Determining the “correlation” between a metric and SERP rankings has been accomplished in many different ways over the years. Should we compare against the “true first page,” top 10, top 20, top 50 or top 100? How many SERPs do we need to collect in order for our results to be statistically significant? It’s important that I outline the methodology for reproducibility and for any comments or concerns on the techniques used. For the purposes of this study, I chose to use the “true first page.” This means that the SERPs were collected using only the keyword with no additional parameters. I chose to use this particular data set for a number of reasons:

  • The true first page is what most users experience, thus the predictive power of Domain Authority will be focused on what users see.
  • By not using any special parameters, we’re likely to get Google’s typical results. 
  • By not extending beyond the true first page, we’re likely to avoid manually penalized sites (which can impact the correlations with links.)
  • We did NOT use the same training set or training set size as we did for this correlation study. That is to say, we trained on the top 10 but are reporting correlations on the true first page. This prevents us from the potential of having a result overly biased towards our model. 

I randomly selected 16,000 keywords from the United States keyword corpus for Keyword Explorer. I then collected the true first page for all of these keywords (completely different from those used in the training set.) I extracted the URLs but I also chose to remove duplicate domains (ie: if the same domain occurred, one after another.) For a length of time, Google used to cluster domains together in the SERPs under certain circumstances. It was easy to spot these clusters, as the second and later listings were indented. No such indentations are present any longer, but we can’t be certain that Google never groups domains. If they do group domains, it would throw off the correlation because it’s the grouping and not the traditional link-based algorithm doing the work.

I collected the Domain Authority (Moz), Citation Flow and Trust Flow (Majestic), and Domain Rank (Ahrefs) for each domain and calculated the mean Spearman correlation coefficient for each SERP. I then averaged the coefficients for each metric.


Moz’s new Domain Authority has the strongest correlations with SERPs of the competing strength-of-domain link-based metrics in the industry. The sign (-/+) has been inverted in the graph for readability, although the actual coefficients are negative (and should be).

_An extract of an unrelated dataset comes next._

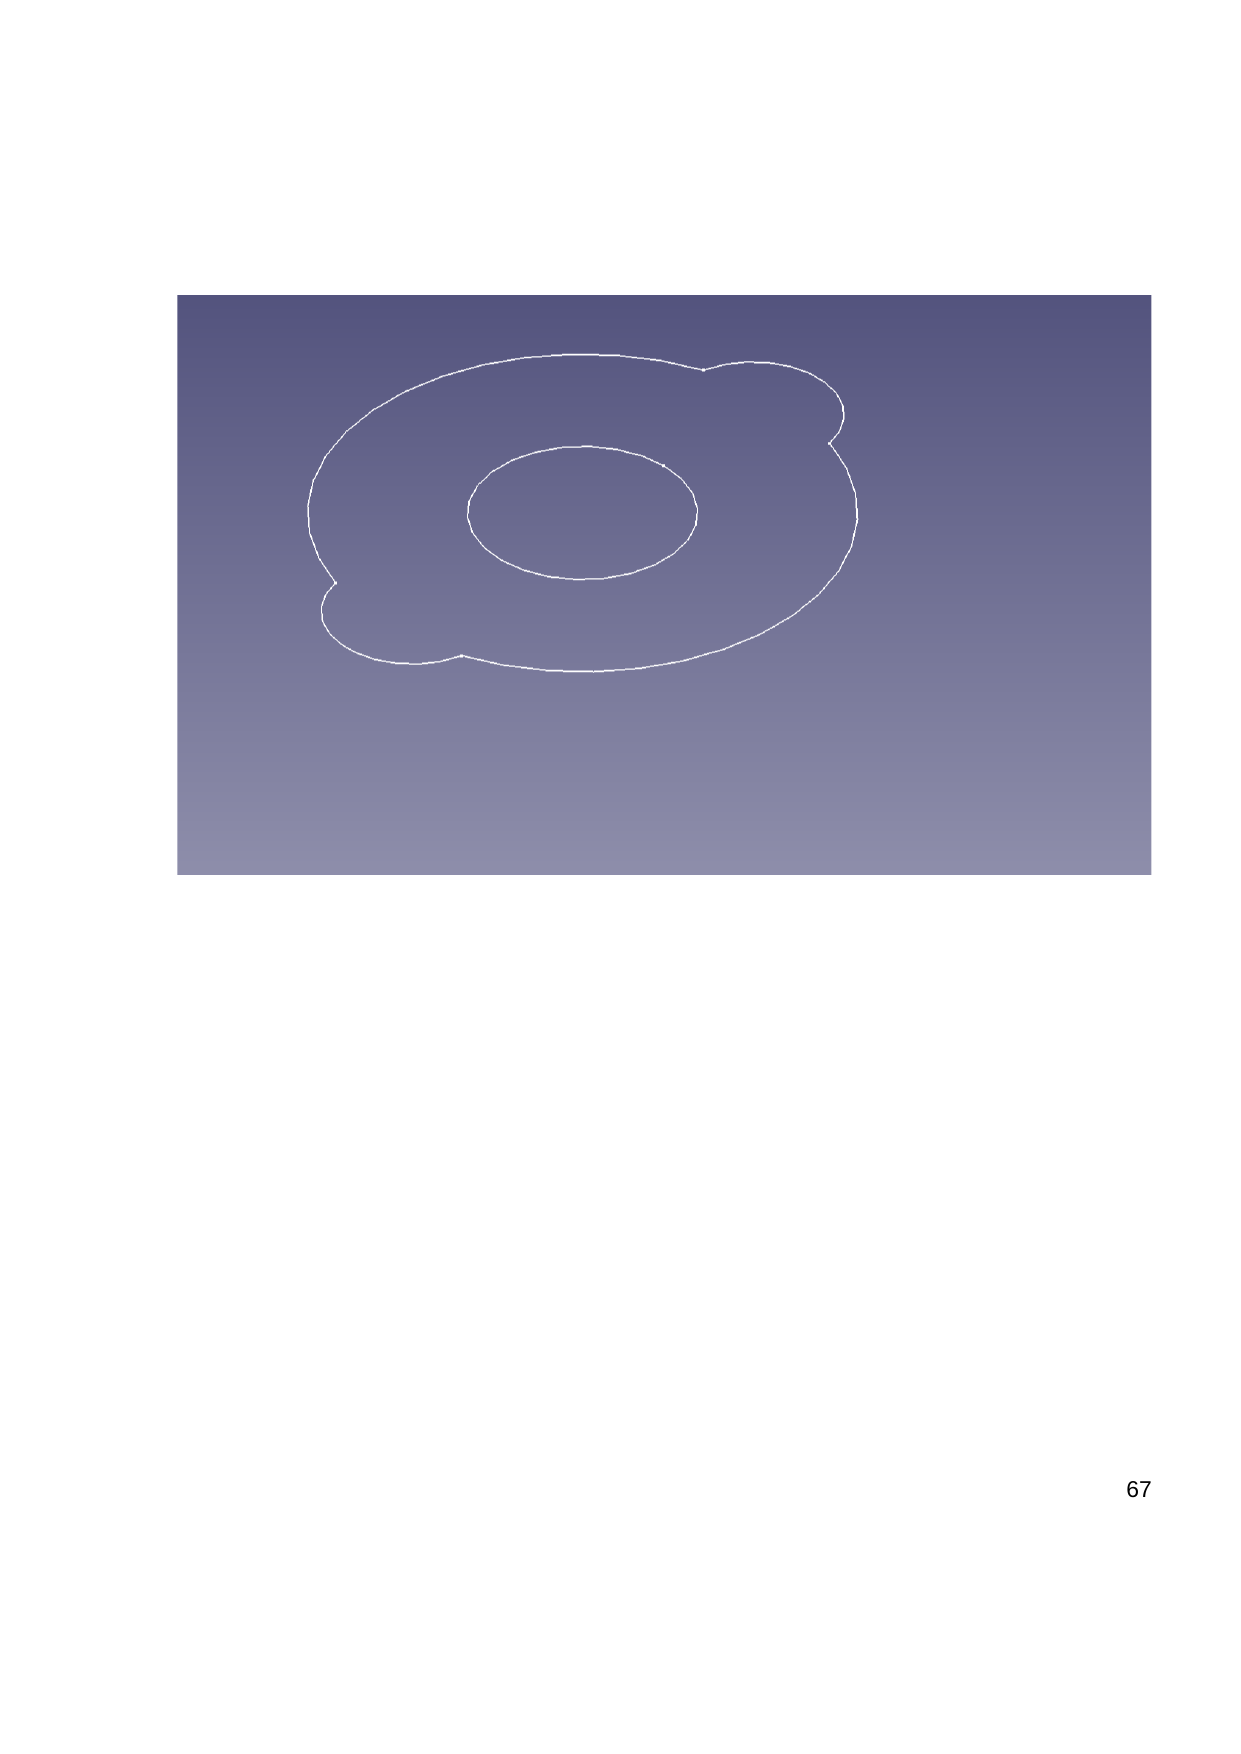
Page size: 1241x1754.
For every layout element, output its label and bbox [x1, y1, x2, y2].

Moz’s Domain Authority scored a ~.12, or roughly 6% stronger than the next best competitor (Domain Rank by Ahrefs.) Domain Authority performed 35% better than CitationFlow and 18% better than TrustFlow. This isn’t surprising, in that Domain Authority is trained to predict rankings while our competitor’s strength-of-domain metrics are not. It shouldn’t be taken as a negative that our competitors strength-of-domain metrics don’t correlate as strongly as Moz’s Domain Authority — rather, it’s simply exemplary of the intrinsic differences between the metrics. That being said, if you want a metric that best predicts rankings at the domain level, Domain Authority is that metric.

Note: At first blush, Domain Authority’s improvements over the competition are, frankly, underwhelming. The truth is that we could quite easily increase the correlation further, but doing so would risk over-fitting and compromising a secondary goal of Domain Authority…

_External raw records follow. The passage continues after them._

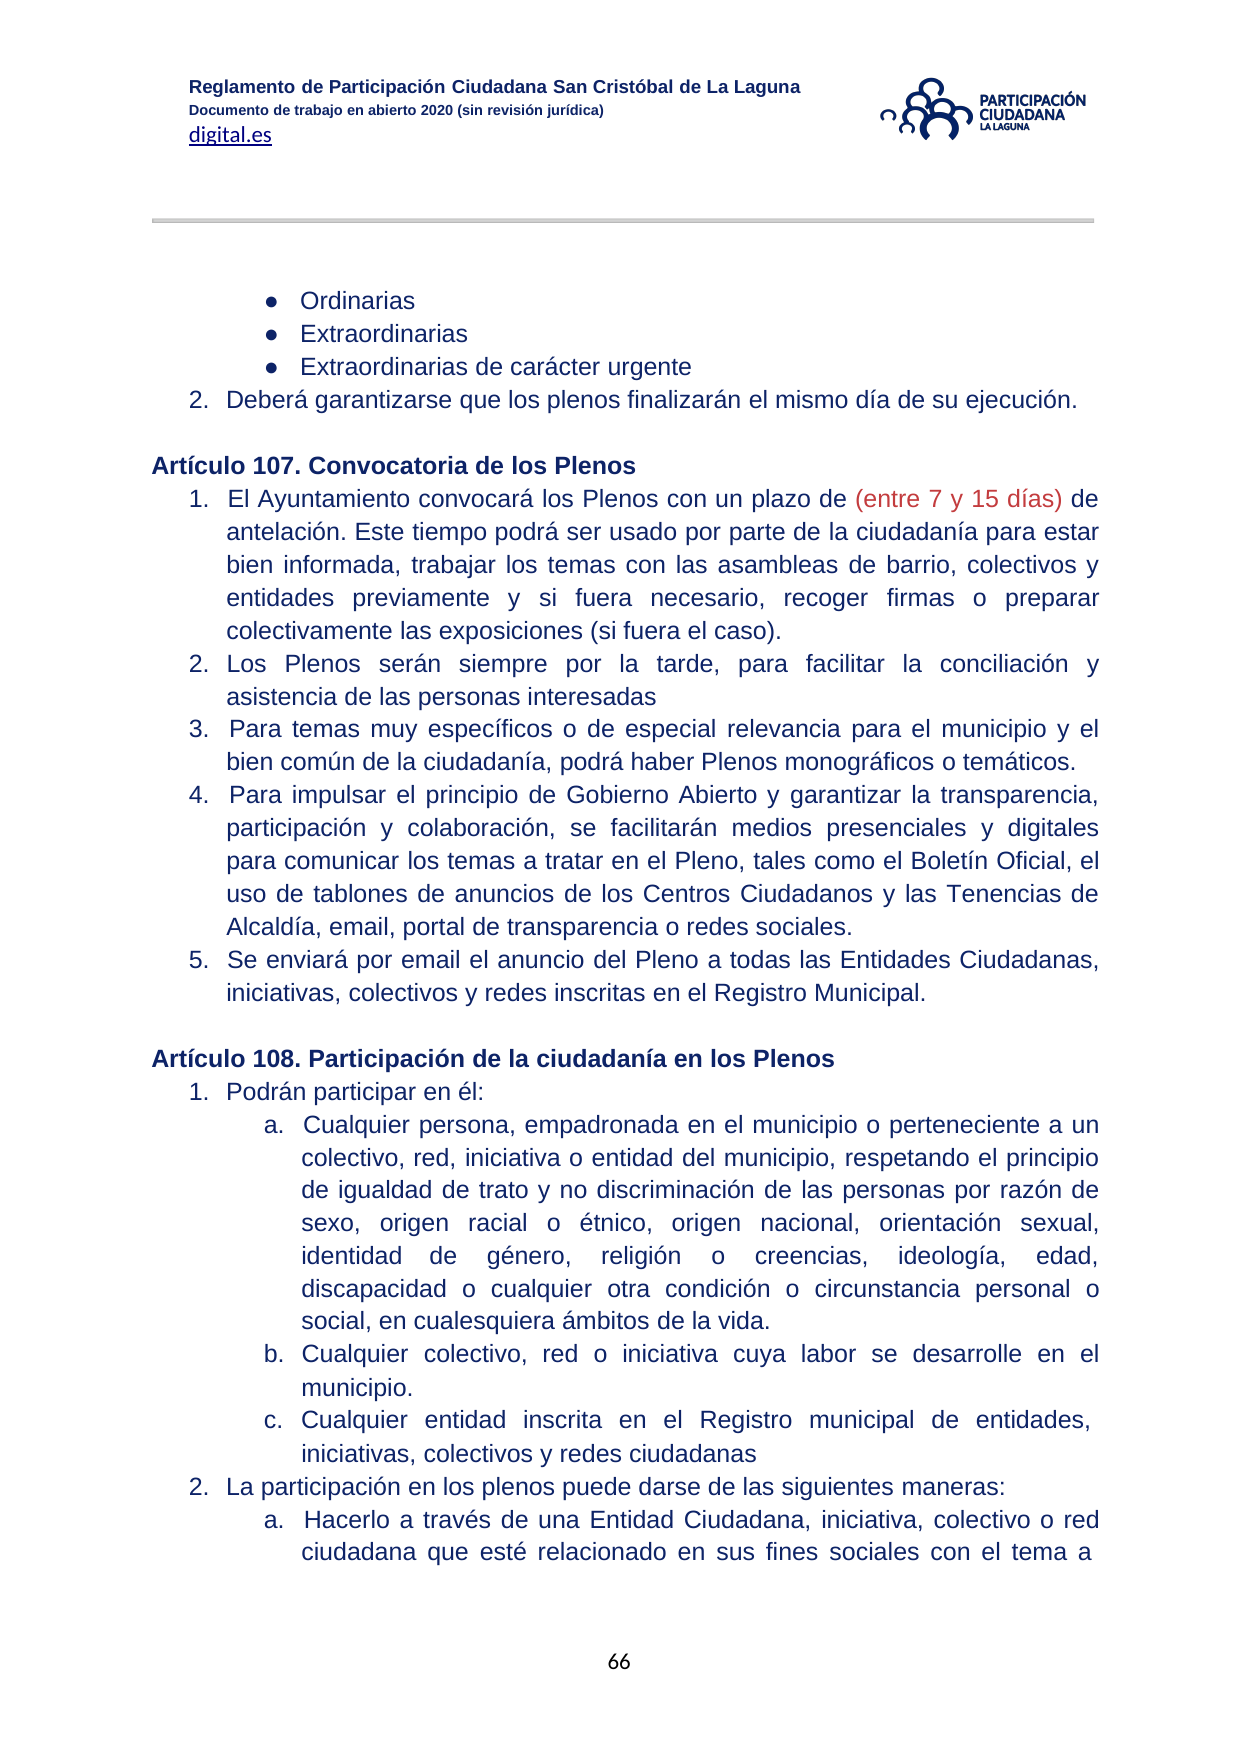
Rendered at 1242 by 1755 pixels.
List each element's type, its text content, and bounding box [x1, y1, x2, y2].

text Artículo 107. Convocatoria de los Plenos [151, 451, 1108, 479]
text 1. El Ayuntamiento convocará los Plenos con un plazo de (entre 7 y 15 días) de antelación. Este tiempo podrá ser usado por parte de la ciudadanía para estar bien informada, trabajar los temas con las asambleas de barrio, colectivos y entidades previamente y si fuera necesario, recoger firmas o preparar colectivamente las exposiciones (si fuera el caso). [188, 484, 1099, 645]
text Artículo 108. Participación de la ciudadanía en los Plenos [151, 1044, 1108, 1072]
text a. Cualquier persona, empadronada en el municipio o perteneciente a un colectivo, red, iniciativa o entidad del municipio, respetando el principio de igualdad de trato y no discriminación de las personas por razón de sexo, origen racial o étnico, origen nacional, orientación sexual, identidad de género, religión o creencias, ideología, edad, discapacidad o cualquier otra condición o circunstancia personal o social, en cualesquiera ámbitos de la vida. [263, 1110, 1099, 1335]
text 3. Para temas muy específicos o de especial relevancia para el municipio y el bien común de la ciudadanía, podrá haber Plenos monográficos o temáticos. [188, 714, 1099, 776]
text 2. Los Plenos serán siempre por la tarde, para facilitar la conciliación y asistencia de las personas interesadas [188, 649, 1099, 710]
text 2. Deberá garantizarse que los plenos finalizarán el mismo día de su ejecución. [188, 385, 1108, 413]
text 2. La participación en los plenos puede darse de las siguientes maneras: [188, 1472, 1108, 1500]
text a. Hacerlo a través de una Entidad Ciudadana, iniciativa, colectivo o red ciudadana que esté relacionado en sus fines sociales con el tema a [263, 1504, 1099, 1566]
text 4. Para impulsar el principio de Gobierno Abierto y garantizar la transparencia, participación y colaboración, se facilitarán medios presenciales y digitales para comunicar los temas a tratar en el Pleno, tales como el Boletín Oficial, el uso de tablones de anuncios de los Centros Ciudadanos y las Tenencias de Alcaldía, email, portal de transparencia o redes sociales. [188, 780, 1099, 941]
text iniciativas, colectivos y redes ciudadanas [301, 1438, 1108, 1467]
text 1. Podrán participar en él: [188, 1077, 1108, 1106]
text c. Cualquier entidad inscrita en el Registro municipal de entidades, [263, 1406, 1108, 1434]
text ● Ordinarias [263, 286, 1108, 314]
text ● Extraordinarias de carácter urgente [263, 352, 1108, 381]
text ● Extraordinarias [263, 319, 1108, 347]
text b. Cualquier colectivo, red o iniciativa cuya labor se desarrolle en el municipio. [263, 1339, 1099, 1401]
text 5. Se enviará por email el anuncio del Pleno a todas las Entidades Ciudadanas, iniciativas, colectivos y redes inscritas en el Registro Municipal. [188, 945, 1099, 1007]

Handling link manipulation

Historically, Domain Authority has focused on only one single feature: maximizing the predictive capacity of the metric. All we wanted were the highest correlations. However, Domain Authority has become, for better or worse, synonymous with “domain value” in many sectors, such as among link buyers and domainers. Subsequently, as bizarre as it may sound, Domain Authority has itself been targeted for spam in order to bolster the score and sell at a higher price. While these crude link manipulation techniques didn’t work so well in Google, they were sufficient to increase Domain Authority. We decided to rein that in. 

Data sets

The first thing we did was compile a series off data sets that corresponded with industries we wished to impact, knowing that Domain Authority was regularly manipulated in these circles.

  • Random domains
  • Moz customers
  • Blog comment spam
  • Low-quality auction domains
  • Mid-quality auction domains
  • High-quality auction domains
  • Known link sellers
  • Known link buyers
  • Domainer network
  • Link network

While it would be my preference to release all the data sets, I’ve chosen not to in order to not “out” any website in particular. Instead, I opted to provide these data sets to a number of search engine marketers for validation. The only data set not offered for outside validation was Moz customers, for obvious reasons.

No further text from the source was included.